### ACTIVITY
Each line starting at the one that contains "1980 in Italy to that in Norway?" and ending at the one that contains "Offer a very short reply. 1.39." must be returned exactly, and the rest of the listing is left out.

### EXCERPTED DATA
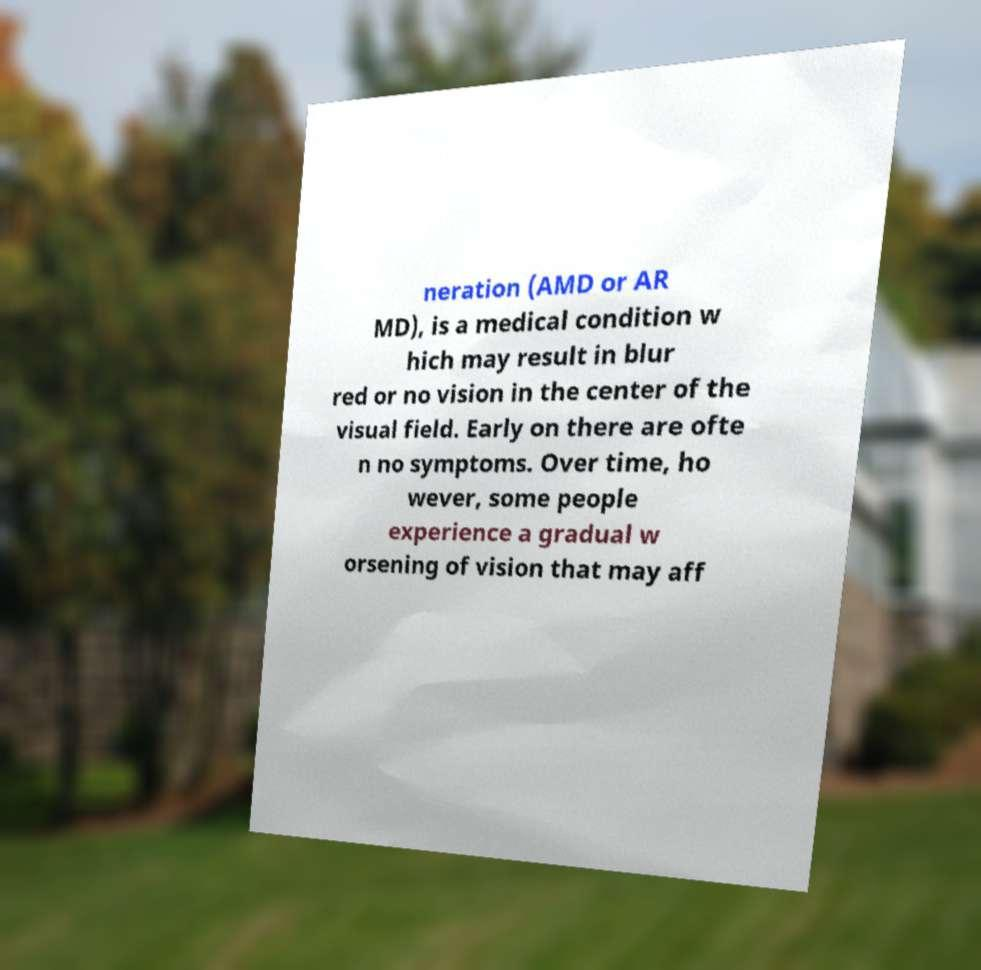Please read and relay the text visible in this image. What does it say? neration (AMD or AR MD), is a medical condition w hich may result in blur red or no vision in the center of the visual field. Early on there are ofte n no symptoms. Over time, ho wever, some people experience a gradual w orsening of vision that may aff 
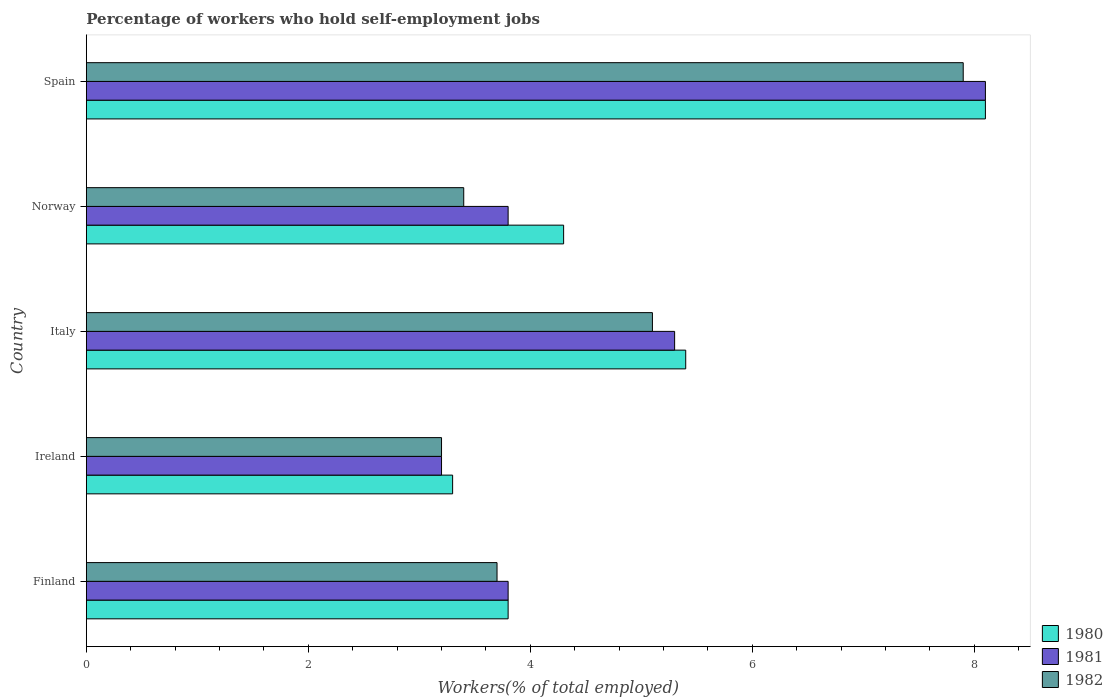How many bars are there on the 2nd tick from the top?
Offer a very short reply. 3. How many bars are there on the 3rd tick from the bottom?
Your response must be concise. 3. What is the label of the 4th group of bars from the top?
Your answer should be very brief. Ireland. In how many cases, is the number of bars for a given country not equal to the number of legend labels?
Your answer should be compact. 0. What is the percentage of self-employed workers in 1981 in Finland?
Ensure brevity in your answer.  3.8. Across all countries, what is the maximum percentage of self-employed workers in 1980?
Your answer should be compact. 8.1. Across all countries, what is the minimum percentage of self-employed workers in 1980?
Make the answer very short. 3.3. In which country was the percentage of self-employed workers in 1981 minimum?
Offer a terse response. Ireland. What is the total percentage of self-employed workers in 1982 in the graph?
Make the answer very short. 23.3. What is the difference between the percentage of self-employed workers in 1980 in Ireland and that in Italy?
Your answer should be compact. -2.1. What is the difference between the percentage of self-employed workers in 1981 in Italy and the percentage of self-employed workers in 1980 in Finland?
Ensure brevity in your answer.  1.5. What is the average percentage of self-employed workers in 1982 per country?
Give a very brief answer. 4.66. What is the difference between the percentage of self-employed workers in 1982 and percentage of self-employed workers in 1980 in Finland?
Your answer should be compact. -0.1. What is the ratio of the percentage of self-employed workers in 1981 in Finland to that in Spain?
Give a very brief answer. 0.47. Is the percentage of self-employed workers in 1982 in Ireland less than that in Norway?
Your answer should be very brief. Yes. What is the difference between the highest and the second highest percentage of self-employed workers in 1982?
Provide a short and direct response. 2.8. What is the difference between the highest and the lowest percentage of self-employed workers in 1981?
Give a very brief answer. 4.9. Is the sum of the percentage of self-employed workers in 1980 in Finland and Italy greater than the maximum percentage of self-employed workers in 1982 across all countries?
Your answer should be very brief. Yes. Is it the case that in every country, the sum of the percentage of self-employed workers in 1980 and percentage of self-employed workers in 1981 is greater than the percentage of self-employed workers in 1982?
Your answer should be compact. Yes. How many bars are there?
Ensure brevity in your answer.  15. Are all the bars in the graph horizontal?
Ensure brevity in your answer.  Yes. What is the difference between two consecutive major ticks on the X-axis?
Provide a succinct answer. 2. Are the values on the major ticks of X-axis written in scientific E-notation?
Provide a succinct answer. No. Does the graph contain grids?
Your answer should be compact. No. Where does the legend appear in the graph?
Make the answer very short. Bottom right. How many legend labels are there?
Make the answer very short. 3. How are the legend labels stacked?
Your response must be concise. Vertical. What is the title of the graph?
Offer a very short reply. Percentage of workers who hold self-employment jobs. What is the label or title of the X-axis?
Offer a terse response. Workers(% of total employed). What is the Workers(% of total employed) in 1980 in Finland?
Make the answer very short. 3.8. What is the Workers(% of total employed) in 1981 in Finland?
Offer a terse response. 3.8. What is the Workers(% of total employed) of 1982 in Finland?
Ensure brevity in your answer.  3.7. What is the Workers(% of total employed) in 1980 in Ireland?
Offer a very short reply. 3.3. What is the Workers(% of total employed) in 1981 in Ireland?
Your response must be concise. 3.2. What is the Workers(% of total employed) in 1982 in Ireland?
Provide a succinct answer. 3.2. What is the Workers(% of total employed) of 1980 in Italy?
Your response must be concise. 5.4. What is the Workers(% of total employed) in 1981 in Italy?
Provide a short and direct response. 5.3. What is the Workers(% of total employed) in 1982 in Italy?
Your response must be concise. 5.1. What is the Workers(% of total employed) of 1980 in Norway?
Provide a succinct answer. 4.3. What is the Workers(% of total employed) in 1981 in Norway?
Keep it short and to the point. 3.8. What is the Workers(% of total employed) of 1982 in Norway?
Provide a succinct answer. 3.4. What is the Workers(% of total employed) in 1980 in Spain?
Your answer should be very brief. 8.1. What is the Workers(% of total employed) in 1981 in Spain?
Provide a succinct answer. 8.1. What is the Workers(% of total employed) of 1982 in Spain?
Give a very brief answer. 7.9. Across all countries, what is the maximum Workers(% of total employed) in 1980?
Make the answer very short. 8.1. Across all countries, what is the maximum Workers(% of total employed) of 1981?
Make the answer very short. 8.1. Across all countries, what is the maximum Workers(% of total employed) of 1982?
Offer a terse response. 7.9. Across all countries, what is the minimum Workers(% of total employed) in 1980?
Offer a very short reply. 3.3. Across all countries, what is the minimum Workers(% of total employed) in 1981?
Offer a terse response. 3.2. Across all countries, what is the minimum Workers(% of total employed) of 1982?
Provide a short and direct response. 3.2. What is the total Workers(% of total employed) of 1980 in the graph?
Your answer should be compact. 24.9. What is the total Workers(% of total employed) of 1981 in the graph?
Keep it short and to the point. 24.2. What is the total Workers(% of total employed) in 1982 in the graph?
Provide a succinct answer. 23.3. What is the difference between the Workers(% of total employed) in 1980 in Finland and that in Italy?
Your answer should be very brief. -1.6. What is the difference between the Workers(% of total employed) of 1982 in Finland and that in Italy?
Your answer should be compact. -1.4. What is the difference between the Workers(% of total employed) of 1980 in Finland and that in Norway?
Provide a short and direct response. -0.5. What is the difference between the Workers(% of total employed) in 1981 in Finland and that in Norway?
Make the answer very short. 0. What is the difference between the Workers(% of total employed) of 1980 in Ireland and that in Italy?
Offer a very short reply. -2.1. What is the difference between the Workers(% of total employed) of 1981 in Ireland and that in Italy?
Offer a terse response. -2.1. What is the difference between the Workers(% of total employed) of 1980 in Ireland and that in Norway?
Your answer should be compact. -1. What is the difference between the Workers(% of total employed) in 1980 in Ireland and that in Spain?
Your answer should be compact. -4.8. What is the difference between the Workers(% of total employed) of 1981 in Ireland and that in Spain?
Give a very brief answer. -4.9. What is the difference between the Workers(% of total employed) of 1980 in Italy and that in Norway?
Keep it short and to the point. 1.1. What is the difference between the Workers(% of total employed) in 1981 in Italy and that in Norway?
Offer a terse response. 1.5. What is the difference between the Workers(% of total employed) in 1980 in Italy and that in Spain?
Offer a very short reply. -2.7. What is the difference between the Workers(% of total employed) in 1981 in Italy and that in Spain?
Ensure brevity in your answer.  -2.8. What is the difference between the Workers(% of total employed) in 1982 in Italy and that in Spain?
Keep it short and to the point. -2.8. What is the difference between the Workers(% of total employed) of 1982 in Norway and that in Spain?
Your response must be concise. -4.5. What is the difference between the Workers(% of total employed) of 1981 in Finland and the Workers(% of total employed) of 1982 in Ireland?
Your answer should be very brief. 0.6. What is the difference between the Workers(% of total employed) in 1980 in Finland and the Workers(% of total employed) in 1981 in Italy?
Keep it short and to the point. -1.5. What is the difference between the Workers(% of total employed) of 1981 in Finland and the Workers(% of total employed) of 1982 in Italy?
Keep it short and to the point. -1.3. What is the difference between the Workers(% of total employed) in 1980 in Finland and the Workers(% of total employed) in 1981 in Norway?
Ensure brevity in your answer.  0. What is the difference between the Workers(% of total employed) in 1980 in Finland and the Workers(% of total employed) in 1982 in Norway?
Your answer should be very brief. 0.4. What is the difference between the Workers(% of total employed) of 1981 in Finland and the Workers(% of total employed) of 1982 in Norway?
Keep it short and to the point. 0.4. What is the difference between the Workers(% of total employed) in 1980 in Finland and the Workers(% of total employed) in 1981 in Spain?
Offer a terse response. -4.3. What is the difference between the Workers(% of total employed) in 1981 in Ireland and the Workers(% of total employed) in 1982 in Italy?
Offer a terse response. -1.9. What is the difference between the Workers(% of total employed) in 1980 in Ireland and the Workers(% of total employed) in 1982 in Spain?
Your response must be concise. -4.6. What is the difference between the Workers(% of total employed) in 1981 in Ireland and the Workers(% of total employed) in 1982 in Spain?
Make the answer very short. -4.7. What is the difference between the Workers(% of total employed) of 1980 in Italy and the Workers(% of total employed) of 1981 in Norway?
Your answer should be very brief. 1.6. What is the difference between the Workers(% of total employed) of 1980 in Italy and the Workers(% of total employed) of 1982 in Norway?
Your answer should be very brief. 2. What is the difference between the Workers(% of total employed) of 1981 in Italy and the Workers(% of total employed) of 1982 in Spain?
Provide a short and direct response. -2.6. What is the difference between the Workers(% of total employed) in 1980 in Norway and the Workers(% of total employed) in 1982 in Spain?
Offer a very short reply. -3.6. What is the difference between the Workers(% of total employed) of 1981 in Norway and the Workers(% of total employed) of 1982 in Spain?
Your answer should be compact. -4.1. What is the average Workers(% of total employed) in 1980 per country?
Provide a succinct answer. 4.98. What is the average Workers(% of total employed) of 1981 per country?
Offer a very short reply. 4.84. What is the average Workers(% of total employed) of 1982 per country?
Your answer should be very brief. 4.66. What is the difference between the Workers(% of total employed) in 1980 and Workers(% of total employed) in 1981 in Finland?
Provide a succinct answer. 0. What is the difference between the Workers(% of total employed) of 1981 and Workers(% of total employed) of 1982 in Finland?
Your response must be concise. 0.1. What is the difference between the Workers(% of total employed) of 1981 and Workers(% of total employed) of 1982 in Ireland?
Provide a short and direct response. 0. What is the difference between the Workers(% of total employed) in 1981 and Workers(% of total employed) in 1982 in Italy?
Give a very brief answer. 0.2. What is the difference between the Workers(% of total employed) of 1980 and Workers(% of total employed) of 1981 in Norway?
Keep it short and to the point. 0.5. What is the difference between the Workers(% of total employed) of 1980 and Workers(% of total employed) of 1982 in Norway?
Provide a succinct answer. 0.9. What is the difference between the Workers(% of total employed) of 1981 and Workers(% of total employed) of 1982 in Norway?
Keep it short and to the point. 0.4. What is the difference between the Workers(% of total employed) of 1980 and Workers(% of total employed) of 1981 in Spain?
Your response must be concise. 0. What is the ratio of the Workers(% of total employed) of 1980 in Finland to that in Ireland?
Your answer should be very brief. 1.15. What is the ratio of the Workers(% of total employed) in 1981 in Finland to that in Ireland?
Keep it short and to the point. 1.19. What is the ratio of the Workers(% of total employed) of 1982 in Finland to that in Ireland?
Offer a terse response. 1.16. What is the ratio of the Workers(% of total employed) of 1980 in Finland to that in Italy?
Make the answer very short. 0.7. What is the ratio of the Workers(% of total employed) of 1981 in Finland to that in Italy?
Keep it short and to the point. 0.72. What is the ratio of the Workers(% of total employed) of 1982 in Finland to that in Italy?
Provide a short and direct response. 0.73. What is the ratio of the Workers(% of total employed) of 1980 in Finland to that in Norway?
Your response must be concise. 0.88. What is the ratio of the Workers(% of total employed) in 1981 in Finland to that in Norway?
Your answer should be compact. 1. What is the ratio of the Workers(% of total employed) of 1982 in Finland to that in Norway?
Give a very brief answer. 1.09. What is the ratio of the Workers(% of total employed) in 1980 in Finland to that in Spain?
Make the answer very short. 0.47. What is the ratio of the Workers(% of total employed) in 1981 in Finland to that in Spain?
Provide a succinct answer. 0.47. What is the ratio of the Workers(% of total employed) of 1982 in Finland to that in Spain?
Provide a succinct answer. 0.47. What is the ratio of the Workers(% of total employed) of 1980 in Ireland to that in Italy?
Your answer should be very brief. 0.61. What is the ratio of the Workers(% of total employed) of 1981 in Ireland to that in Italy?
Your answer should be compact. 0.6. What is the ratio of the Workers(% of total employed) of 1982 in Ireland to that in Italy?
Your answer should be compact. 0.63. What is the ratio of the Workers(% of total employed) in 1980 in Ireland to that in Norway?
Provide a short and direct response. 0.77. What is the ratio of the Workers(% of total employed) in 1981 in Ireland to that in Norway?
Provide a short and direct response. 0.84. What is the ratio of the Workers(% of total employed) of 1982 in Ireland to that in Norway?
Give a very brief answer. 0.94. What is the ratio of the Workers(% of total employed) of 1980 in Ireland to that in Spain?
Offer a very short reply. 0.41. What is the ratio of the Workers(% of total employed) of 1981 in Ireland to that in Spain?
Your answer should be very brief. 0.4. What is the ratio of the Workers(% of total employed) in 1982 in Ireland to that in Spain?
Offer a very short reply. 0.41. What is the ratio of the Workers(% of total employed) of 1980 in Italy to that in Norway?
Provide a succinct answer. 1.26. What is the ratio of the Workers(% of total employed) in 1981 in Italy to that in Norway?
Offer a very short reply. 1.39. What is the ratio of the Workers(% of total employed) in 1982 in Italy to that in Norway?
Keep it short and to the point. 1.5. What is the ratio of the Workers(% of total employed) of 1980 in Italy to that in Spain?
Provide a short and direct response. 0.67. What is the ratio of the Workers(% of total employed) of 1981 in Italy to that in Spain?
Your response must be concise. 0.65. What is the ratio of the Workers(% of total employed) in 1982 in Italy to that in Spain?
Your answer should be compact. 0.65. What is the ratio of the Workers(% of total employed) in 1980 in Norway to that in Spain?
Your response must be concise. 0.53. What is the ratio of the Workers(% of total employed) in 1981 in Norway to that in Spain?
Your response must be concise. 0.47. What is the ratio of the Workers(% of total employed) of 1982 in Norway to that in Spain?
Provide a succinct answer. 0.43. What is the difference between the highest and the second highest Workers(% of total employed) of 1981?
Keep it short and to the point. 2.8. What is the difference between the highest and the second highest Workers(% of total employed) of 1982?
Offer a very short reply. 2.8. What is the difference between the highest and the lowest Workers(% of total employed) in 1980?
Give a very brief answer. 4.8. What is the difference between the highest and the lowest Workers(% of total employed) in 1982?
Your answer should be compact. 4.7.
--
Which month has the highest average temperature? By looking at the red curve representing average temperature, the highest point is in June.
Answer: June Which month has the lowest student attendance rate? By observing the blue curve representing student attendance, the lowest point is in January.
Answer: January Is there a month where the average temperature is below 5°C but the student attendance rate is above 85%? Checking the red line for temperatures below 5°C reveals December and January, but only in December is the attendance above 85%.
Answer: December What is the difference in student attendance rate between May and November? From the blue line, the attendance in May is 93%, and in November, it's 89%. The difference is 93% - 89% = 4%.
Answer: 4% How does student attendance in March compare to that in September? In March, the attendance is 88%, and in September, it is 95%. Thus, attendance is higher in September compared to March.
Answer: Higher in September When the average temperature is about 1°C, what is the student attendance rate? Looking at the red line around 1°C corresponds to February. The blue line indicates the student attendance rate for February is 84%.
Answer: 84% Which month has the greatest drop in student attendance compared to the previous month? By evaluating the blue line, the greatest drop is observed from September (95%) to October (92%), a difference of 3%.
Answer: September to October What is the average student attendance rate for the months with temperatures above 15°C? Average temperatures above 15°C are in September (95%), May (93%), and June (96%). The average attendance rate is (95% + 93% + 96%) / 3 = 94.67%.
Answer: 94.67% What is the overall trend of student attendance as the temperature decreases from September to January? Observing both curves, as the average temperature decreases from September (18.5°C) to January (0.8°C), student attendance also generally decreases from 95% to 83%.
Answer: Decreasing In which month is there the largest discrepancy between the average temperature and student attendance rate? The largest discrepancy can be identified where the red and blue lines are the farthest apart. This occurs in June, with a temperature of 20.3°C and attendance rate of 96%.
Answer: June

### WRITTEN RESPONSE
Offer a very short reply. 0.41. What is the ratio of the Workers(% of total employed) of 1980 in Italy to that in Norway?
Provide a succinct answer. 1.26. What is the ratio of the Workers(% of total employed) in 1981 in Italy to that in Norway?
Offer a very short reply. 1.39. What is the ratio of the Workers(% of total employed) in 1982 in Italy to that in Norway?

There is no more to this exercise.